In the records below, find the line holding "3) metal rod <box>754,114,1268,1079</box>" and the line holding "- large metal block from (1015, 197)". Set down both, with every line between them, exactly.
--- WORKING DATA ---
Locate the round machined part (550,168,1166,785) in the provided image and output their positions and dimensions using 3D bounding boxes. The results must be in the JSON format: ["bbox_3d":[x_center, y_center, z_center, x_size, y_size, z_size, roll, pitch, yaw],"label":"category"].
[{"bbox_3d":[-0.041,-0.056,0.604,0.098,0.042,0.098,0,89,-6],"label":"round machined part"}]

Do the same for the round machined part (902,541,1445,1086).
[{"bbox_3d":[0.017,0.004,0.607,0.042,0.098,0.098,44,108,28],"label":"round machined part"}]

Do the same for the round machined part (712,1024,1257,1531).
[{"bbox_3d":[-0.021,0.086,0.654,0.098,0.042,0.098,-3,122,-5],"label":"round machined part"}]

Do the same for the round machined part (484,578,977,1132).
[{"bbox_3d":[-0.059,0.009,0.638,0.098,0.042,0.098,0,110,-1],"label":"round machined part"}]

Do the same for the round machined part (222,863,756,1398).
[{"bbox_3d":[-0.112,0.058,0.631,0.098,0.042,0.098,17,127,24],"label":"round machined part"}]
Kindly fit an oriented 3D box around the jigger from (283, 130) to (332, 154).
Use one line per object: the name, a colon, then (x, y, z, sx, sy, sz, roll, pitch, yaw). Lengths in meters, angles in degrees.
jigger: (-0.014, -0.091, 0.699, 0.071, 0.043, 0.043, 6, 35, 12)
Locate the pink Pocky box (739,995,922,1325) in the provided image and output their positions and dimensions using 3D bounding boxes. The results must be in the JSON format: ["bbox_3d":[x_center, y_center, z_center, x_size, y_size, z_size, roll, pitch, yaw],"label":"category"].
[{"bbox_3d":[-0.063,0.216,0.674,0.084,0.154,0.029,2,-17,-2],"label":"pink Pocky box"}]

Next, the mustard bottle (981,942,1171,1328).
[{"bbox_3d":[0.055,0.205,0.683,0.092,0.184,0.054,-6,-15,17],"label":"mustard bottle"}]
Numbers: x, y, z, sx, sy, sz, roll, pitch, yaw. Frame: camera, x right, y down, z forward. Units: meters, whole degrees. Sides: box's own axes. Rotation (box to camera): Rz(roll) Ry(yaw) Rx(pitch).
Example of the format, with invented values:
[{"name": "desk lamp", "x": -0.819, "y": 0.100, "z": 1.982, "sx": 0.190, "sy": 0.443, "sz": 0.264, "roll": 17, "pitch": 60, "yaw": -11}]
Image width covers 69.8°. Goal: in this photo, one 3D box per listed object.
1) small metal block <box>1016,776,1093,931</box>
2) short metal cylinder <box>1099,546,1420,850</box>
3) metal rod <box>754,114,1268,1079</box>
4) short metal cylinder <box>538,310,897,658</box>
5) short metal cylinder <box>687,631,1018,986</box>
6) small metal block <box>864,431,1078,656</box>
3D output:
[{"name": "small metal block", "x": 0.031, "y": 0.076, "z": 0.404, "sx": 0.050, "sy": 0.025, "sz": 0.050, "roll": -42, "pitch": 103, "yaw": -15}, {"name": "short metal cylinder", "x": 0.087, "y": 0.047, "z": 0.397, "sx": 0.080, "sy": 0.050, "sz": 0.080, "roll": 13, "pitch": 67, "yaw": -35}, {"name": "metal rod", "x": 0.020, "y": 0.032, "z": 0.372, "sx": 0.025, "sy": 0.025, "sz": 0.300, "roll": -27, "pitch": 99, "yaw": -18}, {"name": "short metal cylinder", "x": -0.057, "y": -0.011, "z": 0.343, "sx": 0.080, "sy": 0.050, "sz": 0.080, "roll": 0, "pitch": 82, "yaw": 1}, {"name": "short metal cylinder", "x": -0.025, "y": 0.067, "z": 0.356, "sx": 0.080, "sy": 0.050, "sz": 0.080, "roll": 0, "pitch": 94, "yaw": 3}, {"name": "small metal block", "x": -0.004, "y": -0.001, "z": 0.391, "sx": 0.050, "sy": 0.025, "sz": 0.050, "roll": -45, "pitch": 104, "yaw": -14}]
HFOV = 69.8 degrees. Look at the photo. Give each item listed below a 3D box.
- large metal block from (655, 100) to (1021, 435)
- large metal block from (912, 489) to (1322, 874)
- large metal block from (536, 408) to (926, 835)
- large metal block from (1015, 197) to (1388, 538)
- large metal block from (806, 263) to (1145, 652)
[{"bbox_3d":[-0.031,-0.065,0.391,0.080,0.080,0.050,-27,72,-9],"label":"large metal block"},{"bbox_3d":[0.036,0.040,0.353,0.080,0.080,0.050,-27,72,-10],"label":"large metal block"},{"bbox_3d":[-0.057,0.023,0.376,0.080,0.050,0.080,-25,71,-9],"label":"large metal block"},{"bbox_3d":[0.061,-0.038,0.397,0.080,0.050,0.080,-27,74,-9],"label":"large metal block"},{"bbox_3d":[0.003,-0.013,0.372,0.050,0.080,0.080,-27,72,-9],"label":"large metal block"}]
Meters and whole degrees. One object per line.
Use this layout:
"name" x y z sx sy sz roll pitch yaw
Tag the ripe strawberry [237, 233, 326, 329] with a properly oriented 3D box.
---
*SOLUTION FOR THIS PROBLEM*:
3) metal rod <box>754,114,1268,1079</box>
4) short metal cylinder <box>538,310,897,658</box>
5) short metal cylinder <box>687,631,1018,986</box>
6) small metal block <box>864,431,1078,656</box>
3D output:
[{"name": "small metal block", "x": 0.031, "y": 0.076, "z": 0.404, "sx": 0.050, "sy": 0.025, "sz": 0.050, "roll": -42, "pitch": 103, "yaw": -15}, {"name": "short metal cylinder", "x": 0.087, "y": 0.047, "z": 0.397, "sx": 0.080, "sy": 0.050, "sz": 0.080, "roll": 13, "pitch": 67, "yaw": -35}, {"name": "metal rod", "x": 0.020, "y": 0.032, "z": 0.372, "sx": 0.025, "sy": 0.025, "sz": 0.300, "roll": -27, "pitch": 99, "yaw": -18}, {"name": "short metal cylinder", "x": -0.057, "y": -0.011, "z": 0.343, "sx": 0.080, "sy": 0.050, "sz": 0.080, "roll": 0, "pitch": 82, "yaw": 1}, {"name": "short metal cylinder", "x": -0.025, "y": 0.067, "z": 0.356, "sx": 0.080, "sy": 0.050, "sz": 0.080, "roll": 0, "pitch": 94, "yaw": 3}, {"name": "small metal block", "x": -0.004, "y": -0.001, "z": 0.391, "sx": 0.050, "sy": 0.025, "sz": 0.050, "roll": -45, "pitch": 104, "yaw": -14}]
HFOV = 69.8 degrees. Look at the photo. Give each item listed below a 3D box.
- large metal block from (655, 100) to (1021, 435)
- large metal block from (912, 489) to (1322, 874)
- large metal block from (536, 408) to (926, 835)
- large metal block from (1015, 197) to (1388, 538)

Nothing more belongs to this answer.